Showing posts with label 2L. Show all posts
Showing posts with label 2L. Show all posts

A Typical day in life during law school finals

FIRST SEMESTER

- wake up to alarm clock promptly at 7:00am, eat breakfast, drink coffee, pore over outlines and class notes all morning. Go to gym in afternoon to relieve some stress, come home, resume studying. Meet with classmates to go over outlines and and anxiously predict what problems we may have on the exam. In bed by midnight the night before the test, but too nervous to get good sleep.

SECOND SEMESTER

- wake up to alarm clock at 9am, eat breakfast, study, maybe go to gym later. No meeting with classmates, because that proved useless last semester, but frequent calls to one another to discuss or clarify certain points.

THIRD SEMESTER

- wake up around 10, play around on the internet, make sure there's nothing good on TV. Study on and off all day; sleep fine.

FOURTH SEMESTER

- wake up at some point, play around on internet, watch Sportscenter, maybe a Netflix movie. Play Tiger Woods Golf. Have outlines open on computer all day for conscience placation purposes, but minimal attention given. Check email and Facebook once every 5-10 minutes to see if anyone has a new status update. Bid on things on eBay, mainly just to have more things to check online. Calculate various grade combinations needed to maintain class ranking. Eat dinner, drink beer, watch baseball and basketball (it's okay, because the outlines are still up on my computer). Stuff face with Laffy Taffy. Regularly move cursor to awaken computer from sleep mode.
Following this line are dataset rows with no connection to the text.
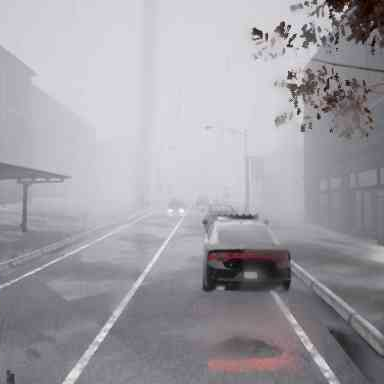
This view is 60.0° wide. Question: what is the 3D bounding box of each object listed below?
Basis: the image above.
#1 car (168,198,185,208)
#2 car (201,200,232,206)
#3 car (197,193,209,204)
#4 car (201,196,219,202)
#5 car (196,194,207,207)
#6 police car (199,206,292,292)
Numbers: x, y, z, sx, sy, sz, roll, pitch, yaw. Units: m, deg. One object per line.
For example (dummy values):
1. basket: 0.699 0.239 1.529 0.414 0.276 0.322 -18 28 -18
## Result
1. car: -1.977 1.393 42.721 1.895 1.301 4.718 0 0 2
2. car: 1.587 1.431 18.966 1.837 1.490 4.892 0 0 2
3. car: 1.962 1.083 59.323 2.097 1.767 4.553 0 0 2
4. car: 1.804 1.340 25.158 1.801 1.575 5.366 0 0 2
5. car: 1.530 1.378 45.867 1.895 1.301 4.718 0 0 2
6. police car: 1.236 1.409 9.072 1.930 1.638 5.238 0 0 2

Hearsay is so incredibly gay

that is all

To facebook or not to facebook?

One of the first things they told us in 1L orientation was to delete our online social network profiles. They must have known that then we wouldn't (after all, then what the hell would we do in class), because the next thing they said was to at least put them on restricted viewing... or at the very minimum, clean up all content to a level you wouldn't mind a potential employer seeing.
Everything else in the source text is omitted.